**Requirement:**
State only how many lines below include the word "month".

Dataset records
************

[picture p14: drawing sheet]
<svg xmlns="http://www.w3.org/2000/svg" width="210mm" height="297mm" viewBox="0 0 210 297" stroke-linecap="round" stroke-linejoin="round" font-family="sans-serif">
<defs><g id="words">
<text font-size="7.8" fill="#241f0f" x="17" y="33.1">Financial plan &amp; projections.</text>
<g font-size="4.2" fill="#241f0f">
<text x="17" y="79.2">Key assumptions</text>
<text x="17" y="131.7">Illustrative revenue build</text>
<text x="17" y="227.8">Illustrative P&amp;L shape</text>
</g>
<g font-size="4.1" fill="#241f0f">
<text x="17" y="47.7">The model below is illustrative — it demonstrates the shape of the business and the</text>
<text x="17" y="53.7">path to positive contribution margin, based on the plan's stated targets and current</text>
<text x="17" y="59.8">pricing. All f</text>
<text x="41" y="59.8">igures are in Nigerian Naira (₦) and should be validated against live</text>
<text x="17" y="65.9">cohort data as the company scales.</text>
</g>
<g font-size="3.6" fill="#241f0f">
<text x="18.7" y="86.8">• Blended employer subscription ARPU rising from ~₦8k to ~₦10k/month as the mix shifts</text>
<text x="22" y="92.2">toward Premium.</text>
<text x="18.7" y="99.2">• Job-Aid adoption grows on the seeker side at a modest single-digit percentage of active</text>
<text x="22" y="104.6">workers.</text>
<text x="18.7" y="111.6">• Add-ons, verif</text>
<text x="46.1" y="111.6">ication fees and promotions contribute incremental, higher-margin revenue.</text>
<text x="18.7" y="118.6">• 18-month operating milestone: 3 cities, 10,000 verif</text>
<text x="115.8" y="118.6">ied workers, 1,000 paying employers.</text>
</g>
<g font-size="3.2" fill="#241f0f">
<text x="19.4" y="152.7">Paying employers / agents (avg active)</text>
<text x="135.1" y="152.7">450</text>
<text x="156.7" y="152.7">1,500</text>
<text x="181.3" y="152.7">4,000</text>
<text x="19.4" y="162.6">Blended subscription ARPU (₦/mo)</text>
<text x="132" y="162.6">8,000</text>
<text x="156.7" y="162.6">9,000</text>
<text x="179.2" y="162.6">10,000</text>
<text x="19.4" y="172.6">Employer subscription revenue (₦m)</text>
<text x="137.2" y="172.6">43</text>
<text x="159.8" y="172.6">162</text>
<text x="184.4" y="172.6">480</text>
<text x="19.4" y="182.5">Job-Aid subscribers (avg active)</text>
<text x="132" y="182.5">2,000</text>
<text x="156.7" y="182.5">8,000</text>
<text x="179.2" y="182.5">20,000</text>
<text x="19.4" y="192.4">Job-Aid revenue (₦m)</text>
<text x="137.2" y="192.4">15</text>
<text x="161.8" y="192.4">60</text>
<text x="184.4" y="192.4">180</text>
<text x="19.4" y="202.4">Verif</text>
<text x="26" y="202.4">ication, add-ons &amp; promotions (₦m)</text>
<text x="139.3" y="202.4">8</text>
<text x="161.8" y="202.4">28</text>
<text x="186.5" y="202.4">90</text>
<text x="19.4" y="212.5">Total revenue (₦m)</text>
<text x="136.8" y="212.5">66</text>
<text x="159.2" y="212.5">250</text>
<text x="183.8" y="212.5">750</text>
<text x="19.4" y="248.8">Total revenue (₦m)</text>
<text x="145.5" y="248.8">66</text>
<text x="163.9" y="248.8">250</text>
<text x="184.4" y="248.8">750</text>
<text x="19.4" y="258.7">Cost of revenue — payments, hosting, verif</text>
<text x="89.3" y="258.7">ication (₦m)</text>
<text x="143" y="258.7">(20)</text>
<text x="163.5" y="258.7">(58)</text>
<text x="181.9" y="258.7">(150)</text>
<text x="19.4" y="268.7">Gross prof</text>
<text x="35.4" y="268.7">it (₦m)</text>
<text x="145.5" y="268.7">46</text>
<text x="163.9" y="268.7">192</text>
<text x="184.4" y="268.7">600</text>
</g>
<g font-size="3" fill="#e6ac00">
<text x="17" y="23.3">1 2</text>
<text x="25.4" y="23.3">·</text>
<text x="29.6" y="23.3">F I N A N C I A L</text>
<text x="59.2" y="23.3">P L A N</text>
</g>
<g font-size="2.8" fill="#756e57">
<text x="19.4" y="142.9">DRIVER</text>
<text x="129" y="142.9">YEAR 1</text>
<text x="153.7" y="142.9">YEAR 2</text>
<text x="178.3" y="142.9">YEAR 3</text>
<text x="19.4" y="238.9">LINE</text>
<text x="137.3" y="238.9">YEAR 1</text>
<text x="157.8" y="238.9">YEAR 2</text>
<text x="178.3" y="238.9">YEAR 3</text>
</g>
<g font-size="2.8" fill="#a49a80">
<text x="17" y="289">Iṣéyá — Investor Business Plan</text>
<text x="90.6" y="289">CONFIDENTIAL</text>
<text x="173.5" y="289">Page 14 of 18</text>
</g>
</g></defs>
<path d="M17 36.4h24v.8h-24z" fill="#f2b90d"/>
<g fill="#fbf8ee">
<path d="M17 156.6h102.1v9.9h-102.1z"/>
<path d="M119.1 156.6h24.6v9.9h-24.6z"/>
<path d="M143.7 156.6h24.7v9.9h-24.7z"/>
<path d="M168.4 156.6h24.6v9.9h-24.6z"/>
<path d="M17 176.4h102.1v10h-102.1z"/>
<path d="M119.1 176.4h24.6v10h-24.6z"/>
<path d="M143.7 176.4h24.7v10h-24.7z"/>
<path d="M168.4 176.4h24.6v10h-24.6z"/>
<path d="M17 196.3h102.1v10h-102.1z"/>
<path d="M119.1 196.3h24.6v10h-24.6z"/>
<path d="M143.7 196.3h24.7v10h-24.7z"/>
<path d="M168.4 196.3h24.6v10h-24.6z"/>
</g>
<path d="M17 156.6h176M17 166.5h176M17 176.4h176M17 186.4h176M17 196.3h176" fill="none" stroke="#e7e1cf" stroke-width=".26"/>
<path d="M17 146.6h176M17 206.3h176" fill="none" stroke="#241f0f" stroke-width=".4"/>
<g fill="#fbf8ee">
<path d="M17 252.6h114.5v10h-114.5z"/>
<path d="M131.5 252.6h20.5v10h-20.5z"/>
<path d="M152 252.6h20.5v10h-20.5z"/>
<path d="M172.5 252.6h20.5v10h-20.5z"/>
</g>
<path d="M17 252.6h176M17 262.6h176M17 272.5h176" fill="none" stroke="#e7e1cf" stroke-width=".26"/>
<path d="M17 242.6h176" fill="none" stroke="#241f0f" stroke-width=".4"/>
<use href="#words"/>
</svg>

************

**Exercise output:**
2